:: EXTRACTED INFORMATION ::

/---

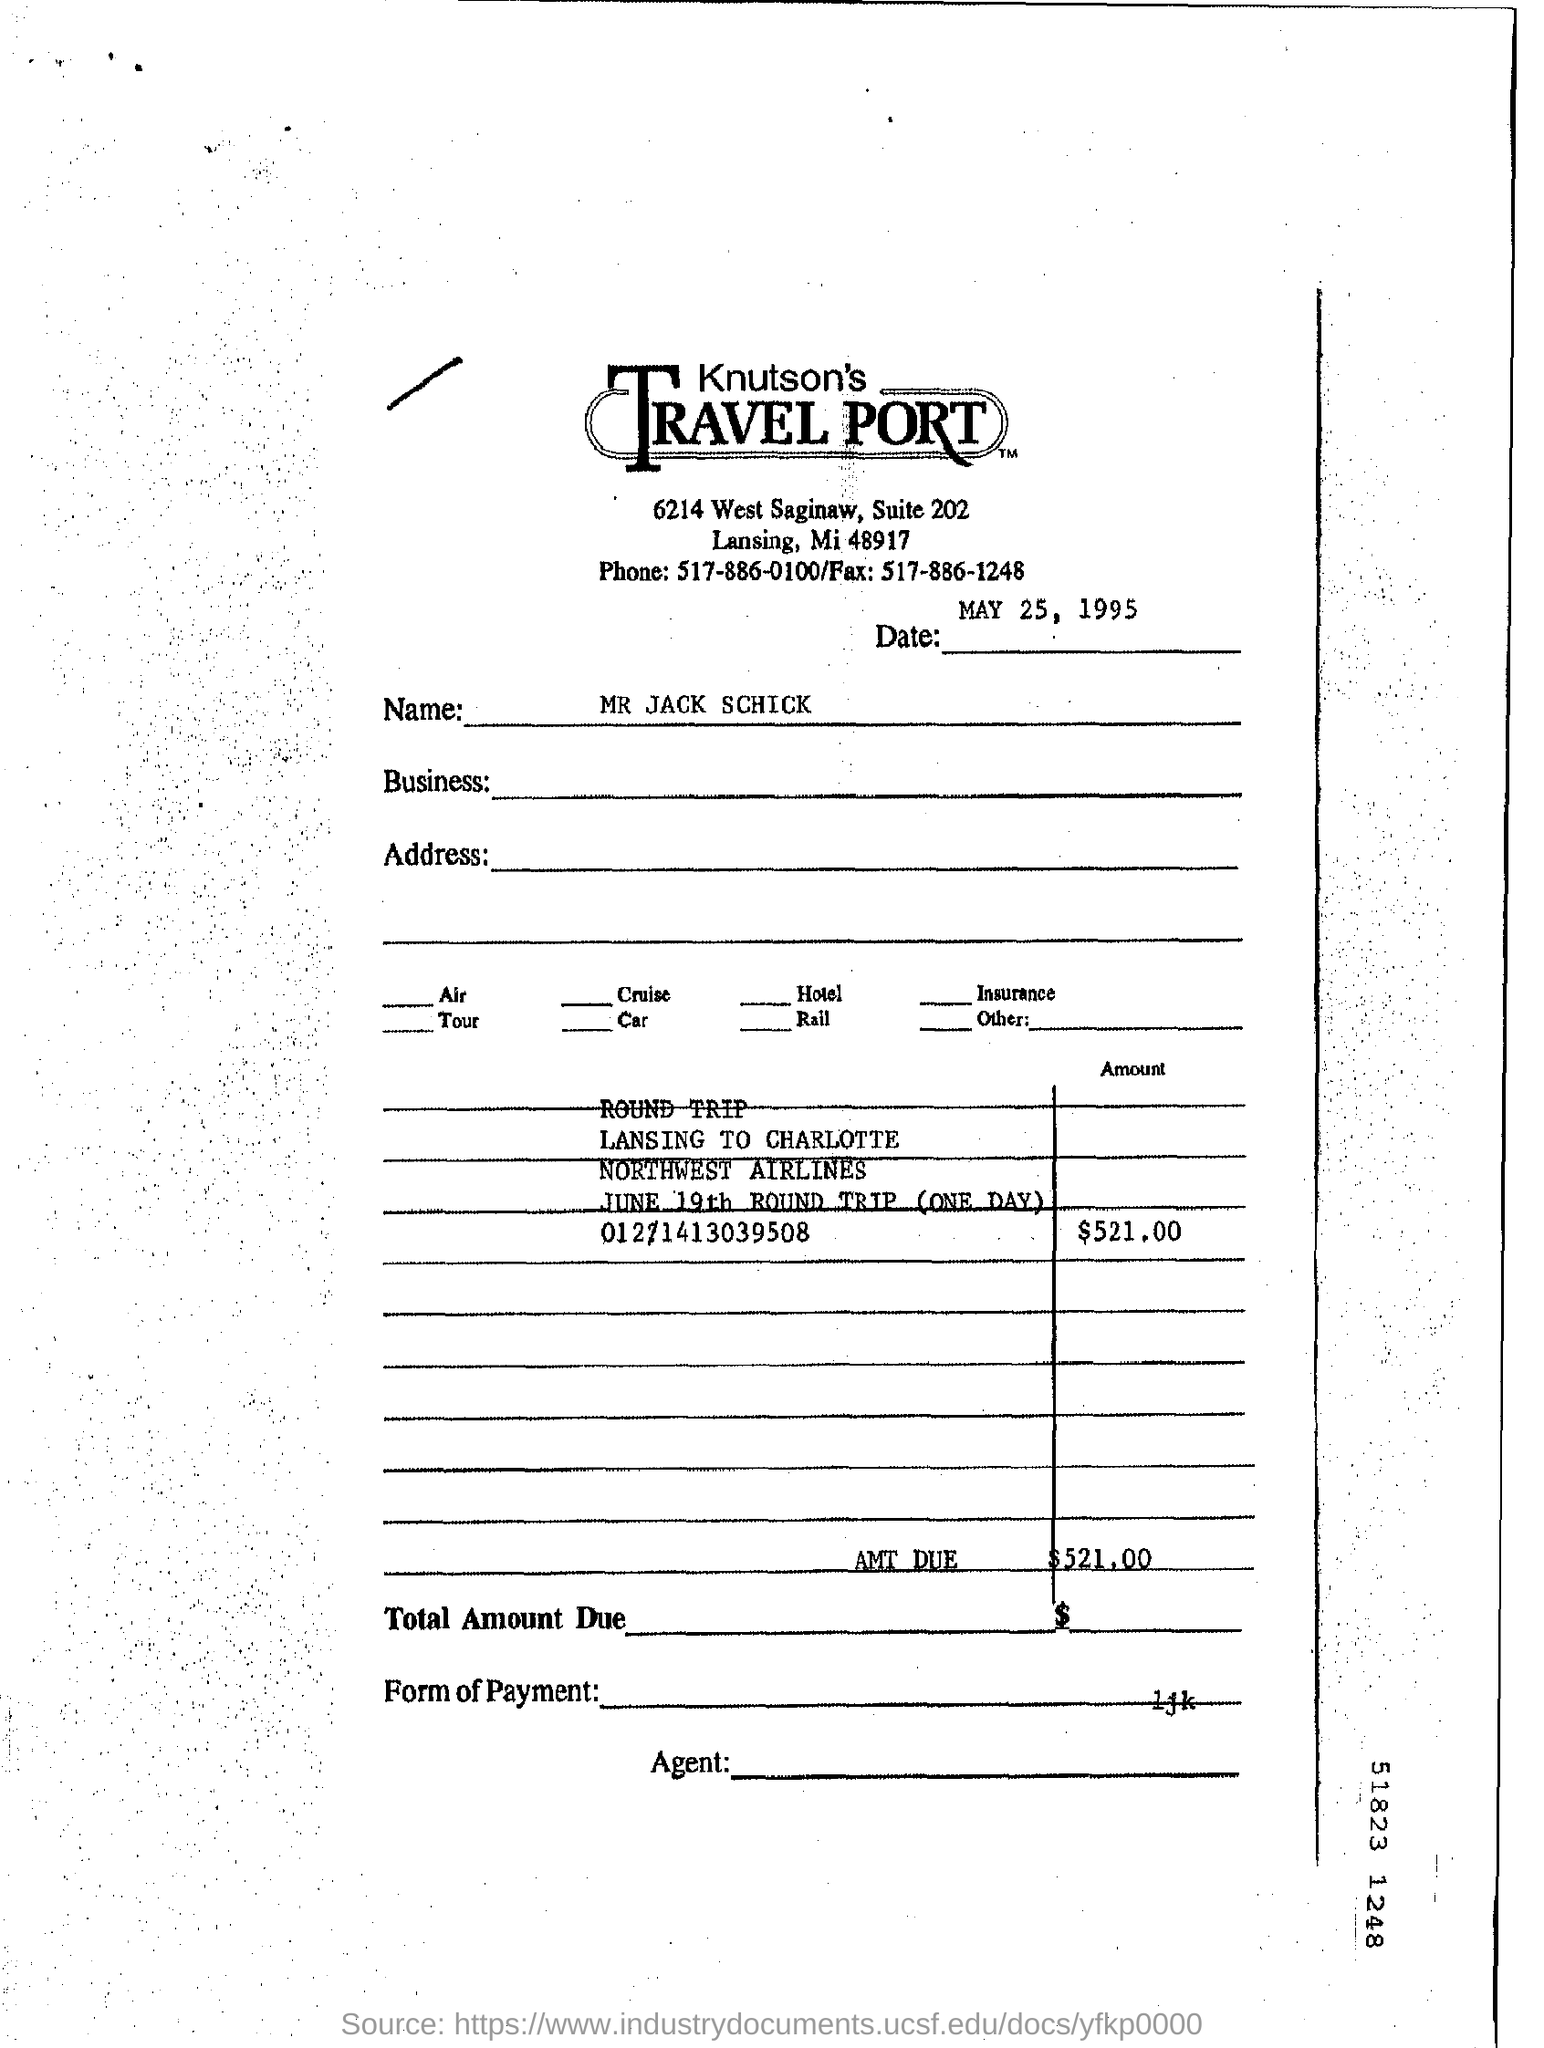What is the Suite Number ?
Your response must be concise. 202. What is the Fax Number ?
Make the answer very short. 517-886-1248. What is the date mentioned in the top of the document ?
Make the answer very short. MAY 25, 1995. Who's name written in the document ?
Keep it short and to the point. MR JACK SCHICK. How much Amount Due ?
Offer a very short reply. $521.00. What is the Phone Number ?
Your answer should be compact. 517-886-0100. 
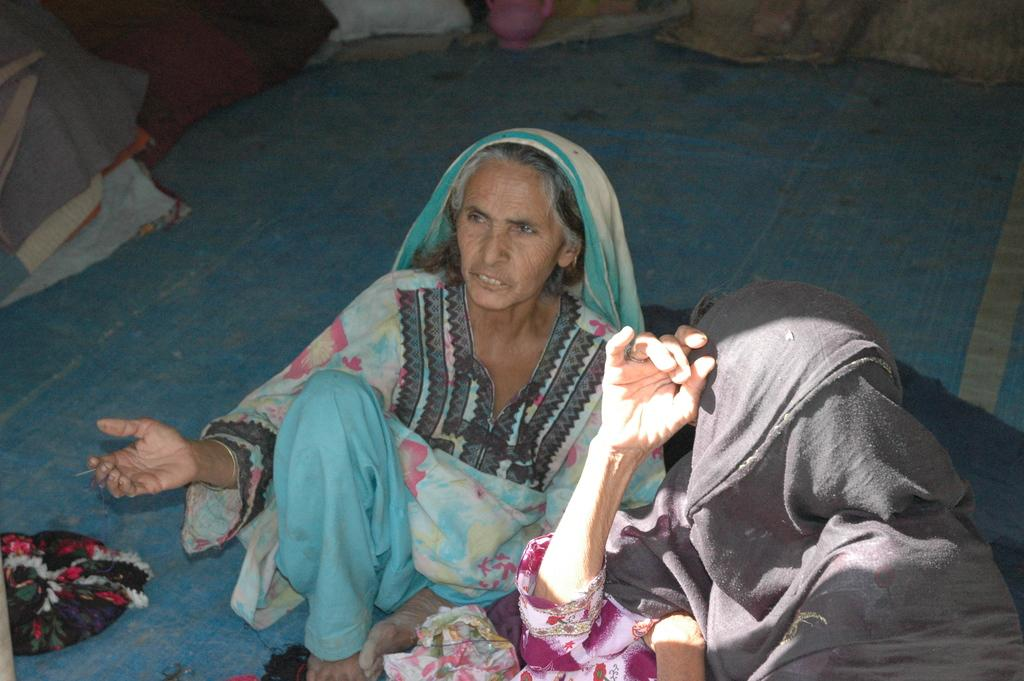Who is present in the image? There is a woman and a person in the image. What are the woman and the person doing in the image? Both the woman and the person are sitting. Can you describe the background of the image? There are objects visible in the background of the image. What type of fan is visible in the image? There is no fan present in the image. Can you describe the wing of the bird in the image? There is no bird or wing present in the image. 
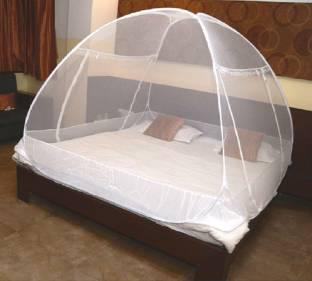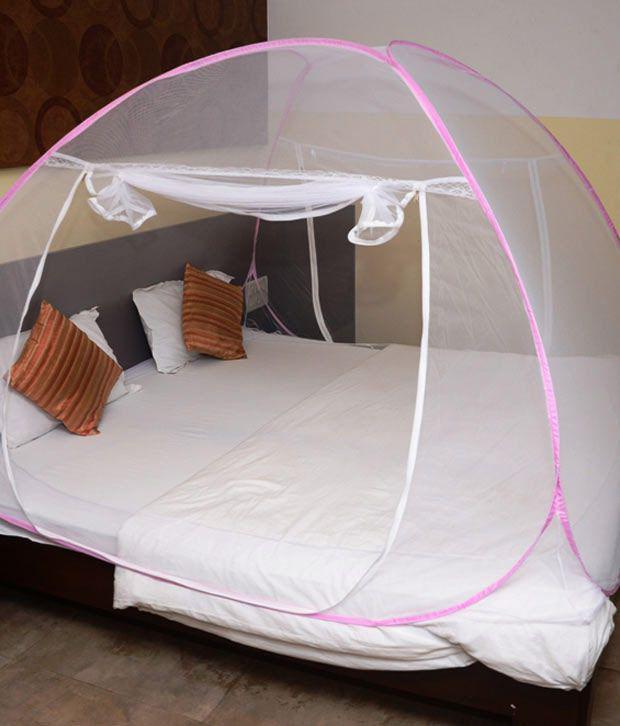The first image is the image on the left, the second image is the image on the right. Considering the images on both sides, is "Each image shows a bed with a rounded dome-shaped canopy with non-dark trim over its mattress, and one bed is positioned at a leftward angle." valid? Answer yes or no. Yes. The first image is the image on the left, the second image is the image on the right. Considering the images on both sides, is "In each image, an igloo-shaped net cover is positioned over a double bed with brown and white pillows." valid? Answer yes or no. Yes. 
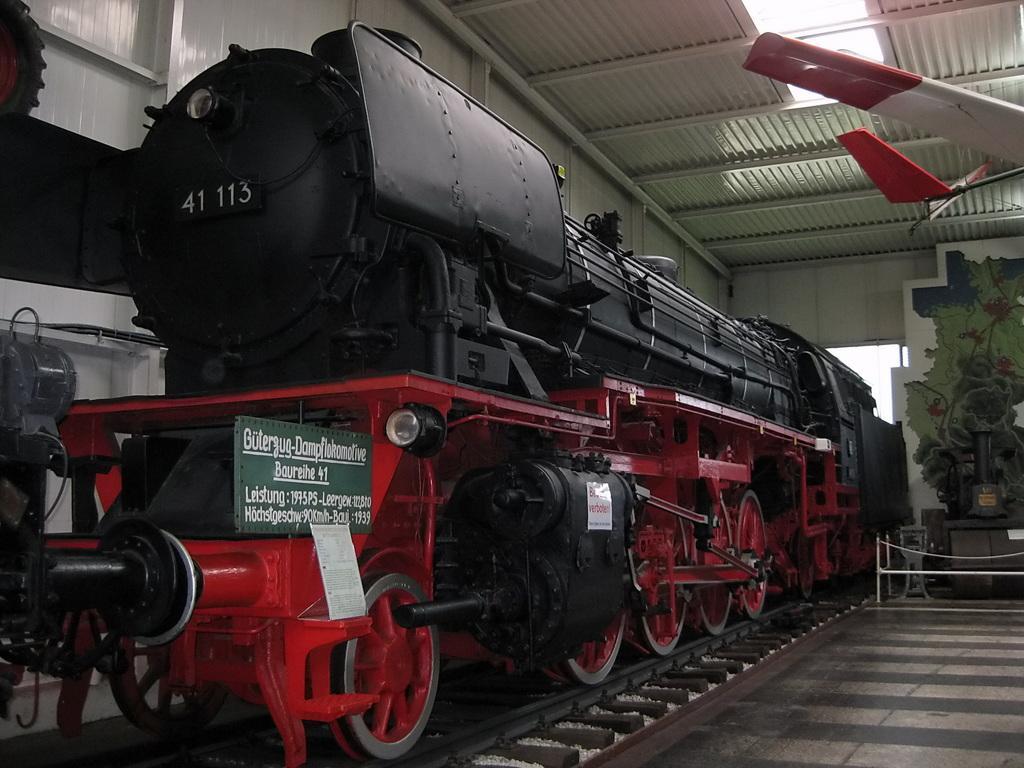Can you describe this image briefly? In this image I can see the train on the track. The train is in red and black color. And I can see the board to the train. To the right I can see the green color painting to the wall and I can also see the aircraft wings which are in red and white color. These are in the shed. 
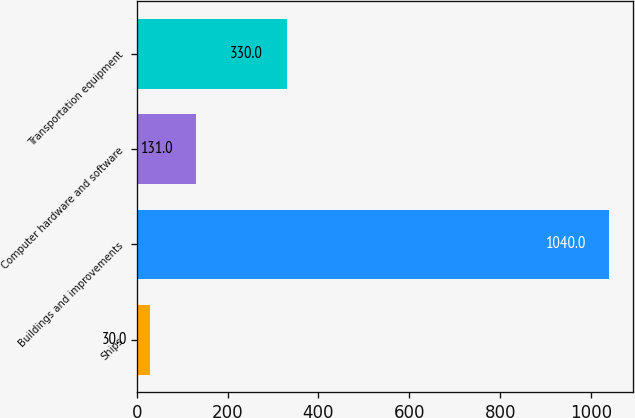Convert chart. <chart><loc_0><loc_0><loc_500><loc_500><bar_chart><fcel>Ships<fcel>Buildings and improvements<fcel>Computer hardware and software<fcel>Transportation equipment<nl><fcel>30<fcel>1040<fcel>131<fcel>330<nl></chart> 
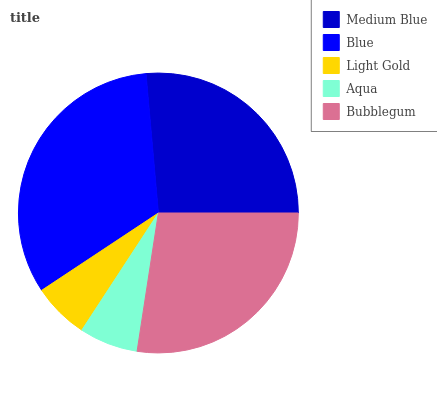Is Light Gold the minimum?
Answer yes or no. Yes. Is Blue the maximum?
Answer yes or no. Yes. Is Blue the minimum?
Answer yes or no. No. Is Light Gold the maximum?
Answer yes or no. No. Is Blue greater than Light Gold?
Answer yes or no. Yes. Is Light Gold less than Blue?
Answer yes or no. Yes. Is Light Gold greater than Blue?
Answer yes or no. No. Is Blue less than Light Gold?
Answer yes or no. No. Is Medium Blue the high median?
Answer yes or no. Yes. Is Medium Blue the low median?
Answer yes or no. Yes. Is Blue the high median?
Answer yes or no. No. Is Aqua the low median?
Answer yes or no. No. 
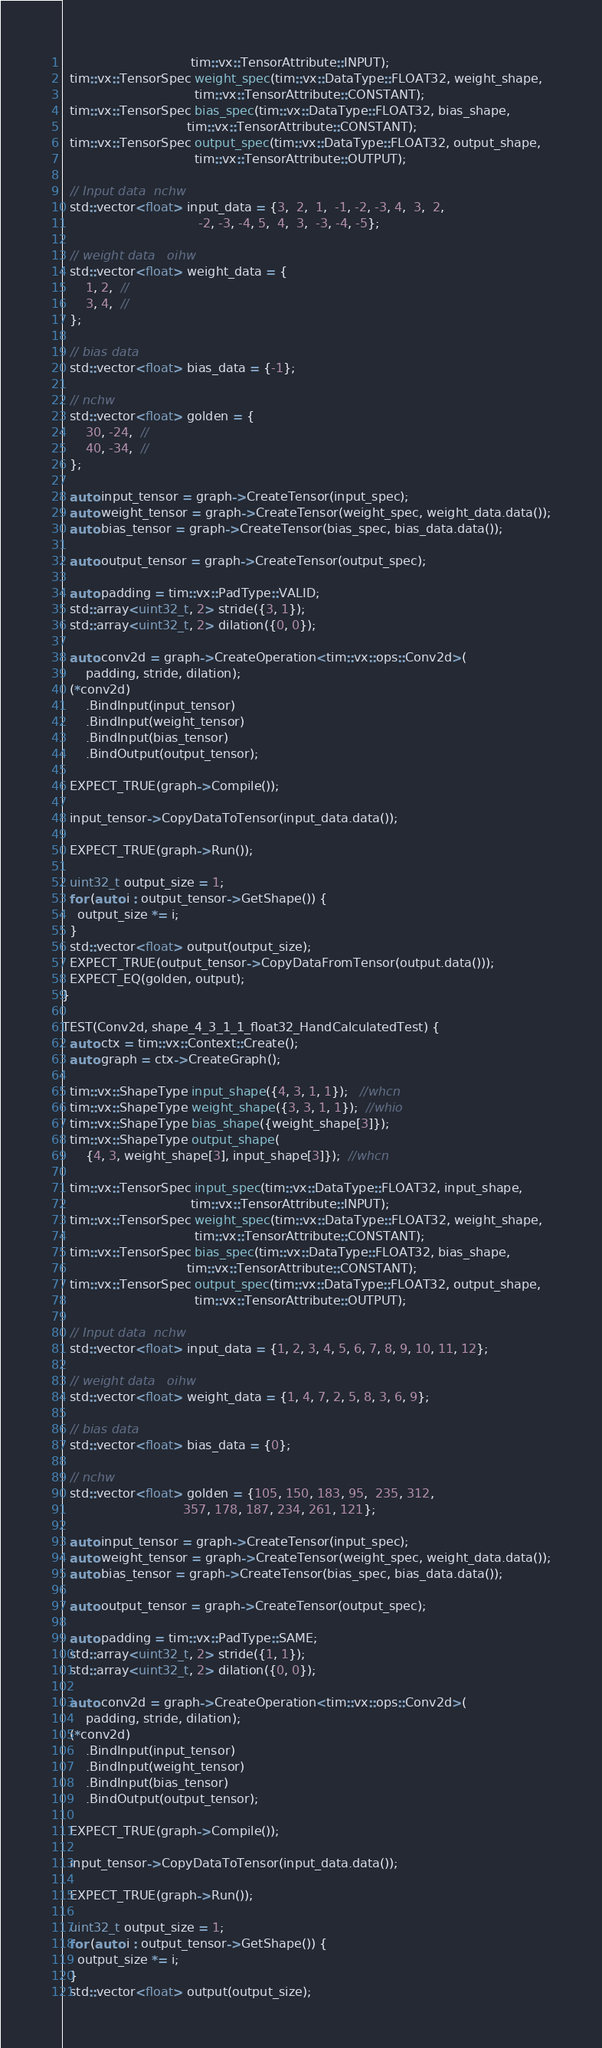<code> <loc_0><loc_0><loc_500><loc_500><_C++_>                                 tim::vx::TensorAttribute::INPUT);
  tim::vx::TensorSpec weight_spec(tim::vx::DataType::FLOAT32, weight_shape,
                                  tim::vx::TensorAttribute::CONSTANT);
  tim::vx::TensorSpec bias_spec(tim::vx::DataType::FLOAT32, bias_shape,
                                tim::vx::TensorAttribute::CONSTANT);
  tim::vx::TensorSpec output_spec(tim::vx::DataType::FLOAT32, output_shape,
                                  tim::vx::TensorAttribute::OUTPUT);

  // Input data  nchw
  std::vector<float> input_data = {3,  2,  1,  -1, -2, -3, 4,  3,  2,
                                   -2, -3, -4, 5,  4,  3,  -3, -4, -5};

  // weight data   oihw
  std::vector<float> weight_data = {
      1, 2,  //
      3, 4,  //
  };

  // bias data
  std::vector<float> bias_data = {-1};

  // nchw
  std::vector<float> golden = {
      30, -24,  //
      40, -34,  //
  };

  auto input_tensor = graph->CreateTensor(input_spec);
  auto weight_tensor = graph->CreateTensor(weight_spec, weight_data.data());
  auto bias_tensor = graph->CreateTensor(bias_spec, bias_data.data());

  auto output_tensor = graph->CreateTensor(output_spec);

  auto padding = tim::vx::PadType::VALID;
  std::array<uint32_t, 2> stride({3, 1});
  std::array<uint32_t, 2> dilation({0, 0});

  auto conv2d = graph->CreateOperation<tim::vx::ops::Conv2d>(
      padding, stride, dilation);
  (*conv2d)
      .BindInput(input_tensor)
      .BindInput(weight_tensor)
      .BindInput(bias_tensor)
      .BindOutput(output_tensor);

  EXPECT_TRUE(graph->Compile());

  input_tensor->CopyDataToTensor(input_data.data());

  EXPECT_TRUE(graph->Run());

  uint32_t output_size = 1;
  for (auto i : output_tensor->GetShape()) {
    output_size *= i;
  }
  std::vector<float> output(output_size);
  EXPECT_TRUE(output_tensor->CopyDataFromTensor(output.data()));
  EXPECT_EQ(golden, output);
}

TEST(Conv2d, shape_4_3_1_1_float32_HandCalculatedTest) {
  auto ctx = tim::vx::Context::Create();
  auto graph = ctx->CreateGraph();

  tim::vx::ShapeType input_shape({4, 3, 1, 1});   //whcn
  tim::vx::ShapeType weight_shape({3, 3, 1, 1});  //whio
  tim::vx::ShapeType bias_shape({weight_shape[3]});
  tim::vx::ShapeType output_shape(
      {4, 3, weight_shape[3], input_shape[3]});  //whcn

  tim::vx::TensorSpec input_spec(tim::vx::DataType::FLOAT32, input_shape,
                                 tim::vx::TensorAttribute::INPUT);
  tim::vx::TensorSpec weight_spec(tim::vx::DataType::FLOAT32, weight_shape,
                                  tim::vx::TensorAttribute::CONSTANT);
  tim::vx::TensorSpec bias_spec(tim::vx::DataType::FLOAT32, bias_shape,
                                tim::vx::TensorAttribute::CONSTANT);
  tim::vx::TensorSpec output_spec(tim::vx::DataType::FLOAT32, output_shape,
                                  tim::vx::TensorAttribute::OUTPUT);

  // Input data  nchw
  std::vector<float> input_data = {1, 2, 3, 4, 5, 6, 7, 8, 9, 10, 11, 12};

  // weight data   oihw
  std::vector<float> weight_data = {1, 4, 7, 2, 5, 8, 3, 6, 9};

  // bias data
  std::vector<float> bias_data = {0};

  // nchw
  std::vector<float> golden = {105, 150, 183, 95,  235, 312,
                               357, 178, 187, 234, 261, 121};

  auto input_tensor = graph->CreateTensor(input_spec);
  auto weight_tensor = graph->CreateTensor(weight_spec, weight_data.data());
  auto bias_tensor = graph->CreateTensor(bias_spec, bias_data.data());

  auto output_tensor = graph->CreateTensor(output_spec);

  auto padding = tim::vx::PadType::SAME;
  std::array<uint32_t, 2> stride({1, 1});
  std::array<uint32_t, 2> dilation({0, 0});

  auto conv2d = graph->CreateOperation<tim::vx::ops::Conv2d>(
      padding, stride, dilation);
  (*conv2d)
      .BindInput(input_tensor)
      .BindInput(weight_tensor)
      .BindInput(bias_tensor)
      .BindOutput(output_tensor);

  EXPECT_TRUE(graph->Compile());

  input_tensor->CopyDataToTensor(input_data.data());

  EXPECT_TRUE(graph->Run());

  uint32_t output_size = 1;
  for (auto i : output_tensor->GetShape()) {
    output_size *= i;
  }
  std::vector<float> output(output_size);</code>

\---

:: ACTIVITY ::
If the word "short" appears in a line above, copy that line.

:: WRITTEN SOLUTION ::
Make the answer very short. 517-886-1248. What is the date mentioned in the top of the document ?
Make the answer very short. MAY 25, 1995. Who's name written in the document ?
Keep it short and to the point. MR JACK SCHICK. How much Amount Due ?
Offer a very short reply. $521.00. What is the Phone Number ?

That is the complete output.